Post-secondary institutions have proposed to the Canadian government a series of measures designed to improve employment-focused programs and to increase the number of foreign students in Canada. The measures we propose are based on the expertise and models our colleges and universities are currently using. These measures are also designed to guarantee the availability of and access to French-language training programs for immigrants, wherever they are, before they depart for or arrive in Canada. The proposed measures include the following: increasing the number of language training programs for immigrants and foreign students so that they are accessible and meet Canadian standards; increasing the number of employment-focused programs in colleges and universities to improve the job skills of immigrants and foreign students by forming closer relationships with employers; ensuring that training and employability best practices and approaches are shared; increasing the number of immigrants from the foreign students group and offering them employability programs; and, lastly, increasing the availability and accessibility of French-language orientation services for immigrants and foreign students. All these measures are based on our institutions' capacity and training expertise.

Our two main recommendations are as follows. First, we would like your committee to recommend that the capacity and infrastructure of our colleges and universities be reinforced for the purpose of developing and implementing more services and instruments to take in and provide better support for international students and to ensure that they can fully adopt the French language and culture.

Second, we would like your committee to recommend that the Government of Canada support and fund the measures proposed by the Alliance des établissements postsecondaires de la francophonie canadienne. The purpose of those measures, which I have just presented to you, is for the educational institutions of the Canadian francophonie to offer programs and services for immigrants, foreign students and employers. In that way, we will be able to ensure that economic immigration meets the need for a highly skilled bilingual labour force.

Once again, thank you for inviting us to appear here today. We will be pleased to answer your questions.

The Chair: Thank you very much, Ms. Lalonde. I would like to ask Senator Fortin-Duplessis to ask the first question. Senator McIntyre will follow.

Senator Fortin-Duplessis: Thank you very much, Madam Chair. Welcome, Ms. Lalonde. I very much appreciated your presentation and I will have a few brief questions.

Based on your experience, what percentage of international students stay in Canada after completing their education?

Ms. Lalonde: I would be able to say the exact percentage. It also depends on the university or college where international students come to study in Canada. I can tell you, however, that one of the reasons for many students who come from African countries — many of our international students come from African countries — is often so they can perhaps immigrate to Canada after their studies.

International students are currently permitted to work 20 hours a week in Canada while they are studying. We want to ensure that these students can get a job in their field and gradually integrate with the aid of a job if they decide to stay in Canada.

Senator Fortin-Duplessis: They are entitled to work 20 hours in their field.

What factors encourage international students to stay in Canada after their studies?

Ms. Lalonde: That is related somewhat to the services we would like to be able to put in place. Universities and colleges currently promote and recruit students to come and study at their university or college. However, integration is less of an issue. It is in connection with this aspect that we would like to offer students certain services so that they know more about immigration opportunities in Canada and can get training and assistance so that they can get to know our francophone communities better and can integrate more easily if they wish.

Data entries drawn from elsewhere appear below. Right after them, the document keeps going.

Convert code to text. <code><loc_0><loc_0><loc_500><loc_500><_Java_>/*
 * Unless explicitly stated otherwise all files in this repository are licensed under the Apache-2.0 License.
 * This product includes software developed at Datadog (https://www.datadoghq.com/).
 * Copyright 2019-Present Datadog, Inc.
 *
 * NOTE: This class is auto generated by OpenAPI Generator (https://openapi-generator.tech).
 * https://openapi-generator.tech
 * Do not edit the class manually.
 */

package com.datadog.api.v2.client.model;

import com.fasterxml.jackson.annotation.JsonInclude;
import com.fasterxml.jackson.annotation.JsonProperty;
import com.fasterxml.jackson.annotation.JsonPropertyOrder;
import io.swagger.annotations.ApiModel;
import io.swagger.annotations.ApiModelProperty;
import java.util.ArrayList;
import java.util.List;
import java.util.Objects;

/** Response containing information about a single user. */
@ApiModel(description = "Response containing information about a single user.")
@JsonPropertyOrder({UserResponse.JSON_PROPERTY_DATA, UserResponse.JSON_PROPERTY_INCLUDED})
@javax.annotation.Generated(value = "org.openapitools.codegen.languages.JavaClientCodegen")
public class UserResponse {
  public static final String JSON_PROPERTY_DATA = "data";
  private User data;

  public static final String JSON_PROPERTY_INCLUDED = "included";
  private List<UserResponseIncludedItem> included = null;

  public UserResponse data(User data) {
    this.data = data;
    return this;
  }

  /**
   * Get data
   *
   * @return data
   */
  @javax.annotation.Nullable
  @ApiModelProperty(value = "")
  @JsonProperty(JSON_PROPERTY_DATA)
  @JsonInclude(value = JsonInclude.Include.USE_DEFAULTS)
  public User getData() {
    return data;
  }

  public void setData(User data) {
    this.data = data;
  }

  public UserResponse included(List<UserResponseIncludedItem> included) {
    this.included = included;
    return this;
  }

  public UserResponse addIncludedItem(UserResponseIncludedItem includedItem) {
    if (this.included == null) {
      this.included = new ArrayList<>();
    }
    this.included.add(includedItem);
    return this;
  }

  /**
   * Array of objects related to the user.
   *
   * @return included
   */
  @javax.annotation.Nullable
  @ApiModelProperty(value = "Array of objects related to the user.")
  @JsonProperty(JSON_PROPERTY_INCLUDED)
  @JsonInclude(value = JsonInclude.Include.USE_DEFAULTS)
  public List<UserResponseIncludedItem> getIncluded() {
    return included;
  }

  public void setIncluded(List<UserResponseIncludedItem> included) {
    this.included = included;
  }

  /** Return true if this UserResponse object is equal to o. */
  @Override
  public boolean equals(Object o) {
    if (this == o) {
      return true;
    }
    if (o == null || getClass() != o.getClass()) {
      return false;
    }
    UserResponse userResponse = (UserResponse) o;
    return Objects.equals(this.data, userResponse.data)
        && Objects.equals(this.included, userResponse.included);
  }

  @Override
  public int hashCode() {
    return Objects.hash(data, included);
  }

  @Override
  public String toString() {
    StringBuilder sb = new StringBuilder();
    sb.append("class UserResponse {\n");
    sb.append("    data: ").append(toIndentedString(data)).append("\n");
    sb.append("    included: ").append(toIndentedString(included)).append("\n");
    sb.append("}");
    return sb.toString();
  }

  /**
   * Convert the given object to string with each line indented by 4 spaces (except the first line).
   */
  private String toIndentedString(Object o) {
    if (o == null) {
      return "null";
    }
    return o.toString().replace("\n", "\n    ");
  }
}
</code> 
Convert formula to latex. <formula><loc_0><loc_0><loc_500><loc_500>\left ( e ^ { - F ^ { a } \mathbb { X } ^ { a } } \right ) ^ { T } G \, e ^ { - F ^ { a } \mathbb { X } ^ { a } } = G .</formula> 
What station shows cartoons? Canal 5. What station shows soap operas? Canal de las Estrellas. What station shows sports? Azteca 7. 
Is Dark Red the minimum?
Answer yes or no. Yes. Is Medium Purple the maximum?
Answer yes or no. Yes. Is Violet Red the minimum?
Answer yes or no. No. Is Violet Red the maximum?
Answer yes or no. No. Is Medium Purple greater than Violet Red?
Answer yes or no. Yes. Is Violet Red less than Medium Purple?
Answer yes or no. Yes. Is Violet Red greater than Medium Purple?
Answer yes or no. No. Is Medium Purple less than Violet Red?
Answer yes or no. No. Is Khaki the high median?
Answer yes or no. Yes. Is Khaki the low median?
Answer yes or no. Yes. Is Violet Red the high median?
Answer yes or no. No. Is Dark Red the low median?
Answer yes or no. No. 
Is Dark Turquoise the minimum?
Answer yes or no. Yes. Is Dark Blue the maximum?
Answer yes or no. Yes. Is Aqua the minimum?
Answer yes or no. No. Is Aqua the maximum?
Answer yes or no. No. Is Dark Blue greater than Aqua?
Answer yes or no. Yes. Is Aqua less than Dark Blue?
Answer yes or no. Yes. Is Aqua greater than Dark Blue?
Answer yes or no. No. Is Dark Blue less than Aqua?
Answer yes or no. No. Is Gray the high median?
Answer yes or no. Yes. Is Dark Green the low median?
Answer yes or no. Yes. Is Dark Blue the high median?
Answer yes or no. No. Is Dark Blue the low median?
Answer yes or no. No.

Senator Fortin-Duplessis: Are you seeing a higher retention rate among immigrants who have previously entered Canada as students? Is it easier for them than for other immigrants whose education is complete and who are trying to integrate into francophone minority communities in Canada?

Ms. Lalonde: The major difference is that international students receive their training in Canada. That training is like the training of all Canadians who study at our universities and colleges. There is no evaluation of credentials that they have earned in another country, which is often the case of immigrants who arrive or who want to live in Canada.

Senator McIntyre: Ms. Lalonde, thank you for being here with us today.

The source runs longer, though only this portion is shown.